The natural progression of Duchenne typically begins around the age of 7, when gross motor skills decline, and children may require increasing assistance to move around. By the ages of 10 to 12, most individuals with DMD lose the ability to walk and require the use of a wheelchair. Because every muscle in the body is affected — including those involved in breathing and heart function — the disease ultimately impacts all areas of physical ability. Currently, the average life expectancy for individuals with DMD extends into their 30s, though advancements in care and research continue to offer hope for improved outcomes.
There is hope on the horizon for Duchenne Muscular Dystrophy patients. Recent advancements in gene therapy offer promising potential, and we are optimistic that these innovations will allow Mason and Dawson to maintain their mobility into adulthood. Currently, both boys are following a steroid treatment regimen as part of their care plan.
In the summer of 2022, Mason (4.5 years old) participated in one of the first gene therapy clinical trials. His trial was Phase 3, which later became a fast-tracked, FDA-approved therapy for other boys with Duchenne. Before a boy can receive this medication, extensive lab work and testing are required, and not all boys are eligible. While this therapy is not a cure, it represents a significant step forward in the fight against Duchenne.

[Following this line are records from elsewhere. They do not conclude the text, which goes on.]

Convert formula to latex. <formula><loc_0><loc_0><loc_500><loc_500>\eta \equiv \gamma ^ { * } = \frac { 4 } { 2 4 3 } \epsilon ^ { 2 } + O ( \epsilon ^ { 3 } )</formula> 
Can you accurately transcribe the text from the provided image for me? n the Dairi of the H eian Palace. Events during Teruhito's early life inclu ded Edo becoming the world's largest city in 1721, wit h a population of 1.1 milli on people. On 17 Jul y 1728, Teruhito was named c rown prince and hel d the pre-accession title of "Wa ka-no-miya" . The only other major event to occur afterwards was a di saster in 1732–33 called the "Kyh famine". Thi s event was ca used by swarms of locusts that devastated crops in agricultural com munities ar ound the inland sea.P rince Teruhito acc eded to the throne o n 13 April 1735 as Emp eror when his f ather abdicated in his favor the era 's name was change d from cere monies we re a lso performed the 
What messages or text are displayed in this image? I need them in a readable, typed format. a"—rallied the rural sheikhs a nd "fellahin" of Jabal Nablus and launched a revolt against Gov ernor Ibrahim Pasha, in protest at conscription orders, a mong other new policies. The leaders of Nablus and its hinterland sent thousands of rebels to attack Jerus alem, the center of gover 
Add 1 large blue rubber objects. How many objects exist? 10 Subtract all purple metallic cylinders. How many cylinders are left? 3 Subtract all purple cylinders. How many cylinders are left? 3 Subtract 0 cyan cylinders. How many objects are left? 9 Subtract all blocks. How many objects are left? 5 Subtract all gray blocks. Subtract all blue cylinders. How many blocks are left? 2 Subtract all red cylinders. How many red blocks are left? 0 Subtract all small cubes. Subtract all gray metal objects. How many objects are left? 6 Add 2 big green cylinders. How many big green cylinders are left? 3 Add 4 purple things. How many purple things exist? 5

In the summer of 2025, Dawson (4 years old) received a Phase 1 gene therapy trial. This required our family to temporarily relocate to Arkansas—eight hours away from home—for three months so he could participate. As part of the trial, Dawson underwent two muscle biopsies. This was especially difficult for us, as each biopsy involved removing a small piece of muscle from both of his thighs—muscle that, because of Duchenne, is already breaking down far too quickly. While it was not an easy decision, we chose to move forward with hope that this opportunity could make a difference for Dawson’s future.
Currently, Mason (8) and Dawson (5) are still walking and doing amazing for their ages. Mason is receiving weekly IV infusions aimed at slowing the progression of the disease, while Dawson is unable to continue these infusions until he progresses further in his gene therapy trial. Both boys take chronic steroids to help manage inflammation, and Mason is also on an additional approved therapy that is helping restore some of the muscle he is losing daily. Dawson is not yet eligible for this medication.
The future is full of possibilities, and we remain hopeful that Duchenne Muscular Dystrophy will one day be eradicated in our boys’ lifetime.